Monday, January 9, 2012

Free Trade Is a Job Killer for the US

Free trade is now and has been a US jobs killer. The reason is simple: company profit motivation. As a company makes more profit, its owners obtain higher dividends and/or increased value of their stock. The managers receive higher salaries and bonuses.

How does the company gain a higher profit? The most obvious way is to reduce its costs, which will then allow some reduction in selling prices and increase sales volume compared to competition. There are three primary costs in any manufacturing operation: equipment, raw materials and labor. Of these three, labor is usually the highest cost, although it varies depending upon the industry. For example, the textile industry is highly labor-intensive, whereas the petrochemical industry is low in labor intensiveness.

Many years ago, a few alert textile companies recognized that rather than continuing production in locations such as Rhode Island, Massachusetts, Connecticut, and the Northeast in general, it would be more efficient for them to manufacture their products in foreign countries, such as the Far East and Latin America, where labor costs were significantly lower. Freight costs and subsequent import duty costs to the US were still significantly less than if the product had been manufactured in the US. Other US textile companies followed suit leading to the eventual demise of the textile industry in the US. It no longer exists, although one can see the desolation of these huge buildings, which once hummed with activity.

The upside of this transformation was that the public could generally receive products at lower prices than previously. The downside was that US textile workers were then out of jobs, but that was a local situation, generally not considered by the US consumers.

Other companies having noticed the effectiveness of overseas production on increasing profits, slowly followed suit. The less labor-intensive a manufacturing industry was, the less incentive there was to move the operation overseas. However, the new business technique slowly increased manufacturing unemployment in the US.

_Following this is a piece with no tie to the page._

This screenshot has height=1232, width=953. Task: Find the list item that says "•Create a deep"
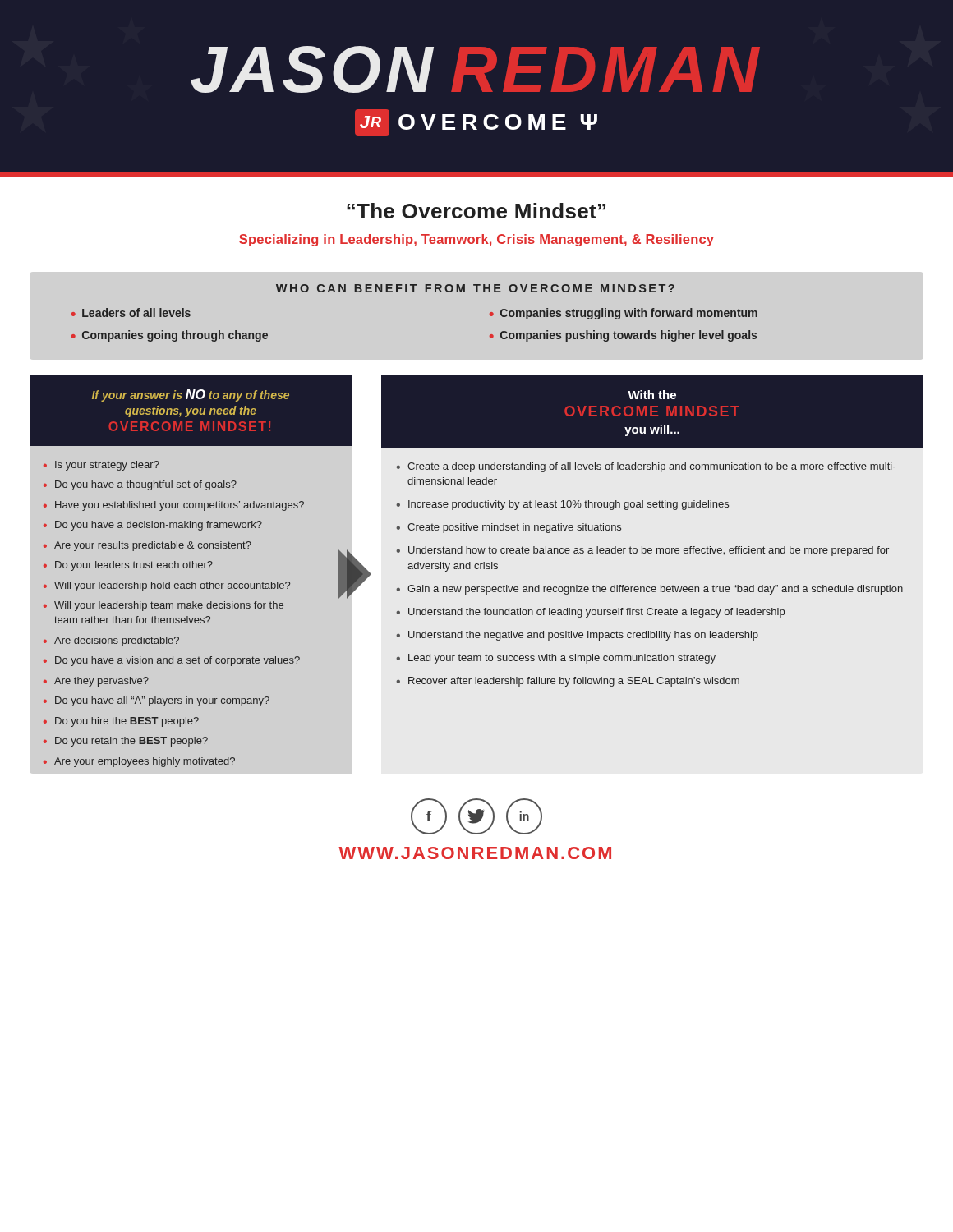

Factors other than labor cost started to enter the picture. These included tax benefits, regulations, and the general investment climate of local governments compared to the US. Restrictive regulations on manufacturing have continued to develop in the US, corporate taxes remain high, and the US government, since the Obama administration, has clearly shown its antibusiness attitude. Even the petrochemical industry, which is noted for not being labor-intensive, has moved most of its investment activity outside of the US. This total combination leaves little opportunity for manufacturing jobs, which is why we presently have a high rate of unemployment and which the Obama administration uses as an excuse to soak the rich in order to keep paying unemployment benefits to those displaced workers.

While these latter factors of corporate tax, regulations, and government attitude are significant and should be changed, the largest factor contributing to present high US unemployment is free trade. The US government must use customs duties to equalize product costs between low labor cost countries and the high labor cost of the US.